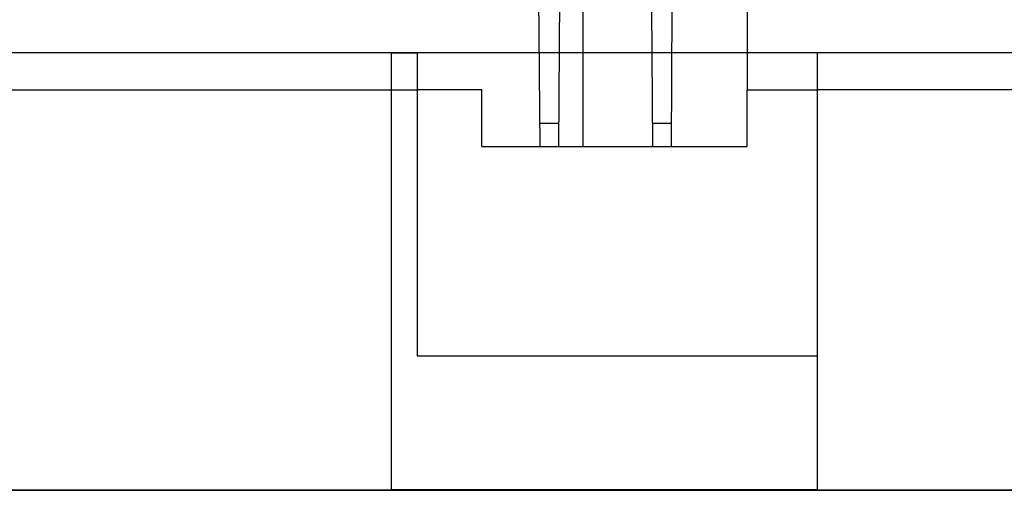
# Model space of a CAD drawing. Header units: millimetres. Extents: x -263 to 131, y -3009 to 324.
# Tile 4 of 9: x -68 to 38, y 192 to 243. Entities that reach past the tile are written whole.
import ezdxf

# ---------------------------------------------------------------- set-up
doc = ezdxf.new("R2010")
doc.units = ezdxf.units.MM
doc.layers.add('MAIN-1', color=7, linetype='Continuous')
doc.layers.add('MAIN-2', color=7, linetype='Continuous')

msp = doc.modelspace()

# ---------------------------------------------------------------- linework, layer by layer
at = {"layer": 'MAIN-1'}
for p, q in [((-11.8, 229.02), (-11.97, 253.12)), ((-9.63, 253.12), (-9.8, 229.02)), ((10.59, 248.64), (10.59, 235.12)), ((-7.18, 247.66), (-7.18, 229.02)), ((0.4, 229.02), (0.3, 244.03)), ((2.4, 229.02), (2.5, 244.03)), ((-27.9, 239.12), (-25.1, 239.12)), ((-25.1, 239.12), (-25.1, 206.42)), ((-18.1, 235.12), (-25.1, 235.12)), ((-18.1, 229.02), (-18.1, 235.12)), ((10.59, 229.02), (10.59, 235.12)), ((10.59, 235.12), (18.2, 235.12)), ((-11.82, 231.52), (-9.78, 231.52)), ((0.38, 231.52), (2.42, 231.52)), ((-18.1, 229.02), (10.59, 229.02)), ((-25.1, 206.42), (18.2, 206.42)), ((-84.4, 191.92), (-27.9, 191.92)), ((-27.9, 191.92), (18.2, 191.92)), ((18.2, 191.92), (107.7, 191.92))]:
    msp.add_line(p, q, dxfattribs=at)
at = {"layer": 'MAIN-2'}
for p, q in [((-27.9, 239.12), (-84.4, 239.12)), ((-27.9, 239.12), (-27.9, 239.12)), ((18.2, 239.12), (-27.9, 239.12)), ((-27.9, 239.12), (-27.9, 239.12)), ((-27.9, 239.12), (-27.9, 191.92)), ((-25.1, 239.12), (-25.1, 239.12)), ((18.2, 239.12), (18.2, 239.12)), ((107.7, 239.12), (18.2, 239.12)), ((18.2, 239.12), (18.2, 239.12)), ((18.2, 191.92), (18.2, 239.12)), ((-87.1, 235.12), (-25.1, 235.12)), ((-18.1, 235.12), (-18.1, 235.12)), ((10.59, 235.12), (10.59, 235.12)), ((108.81, 235.12), (18.2, 235.12)), ((-18.1, 229.02), (-18.1, 229.02)), ((-11.8, 229.02), (-11.8, 229.02)), ((-9.8, 229.02), (-9.8, 229.02)), ((-7.18, 229.02), (-7.18, 229.02)), ((0.4, 229.02), (0.4, 229.02)), ((2.4, 229.02), (2.4, 229.02)), ((10.59, 229.02), (10.59, 229.02)), ((-25.1, 206.42), (-25.1, 206.42)), ((18.2, 206.42), (18.2, 206.42)), ((-224.6, 191.88), (112.4, 191.88)), ((18.2, 191.92), (-27.9, 191.92)), ((-27.9, 191.92), (-27.9, 191.92)), ((18.2, 191.92), (18.2, 191.92))]:
    msp.add_line(p, q, dxfattribs=at)

doc.saveas('drawing.dxf')

------------------------------------------------

In the entries above, find each line with the word "Continuous" and copy it.

doc.layers.add('MAIN-1', color=7, linetype='Continuous')
doc.layers.add('MAIN-2', color=7, linetype='Continuous')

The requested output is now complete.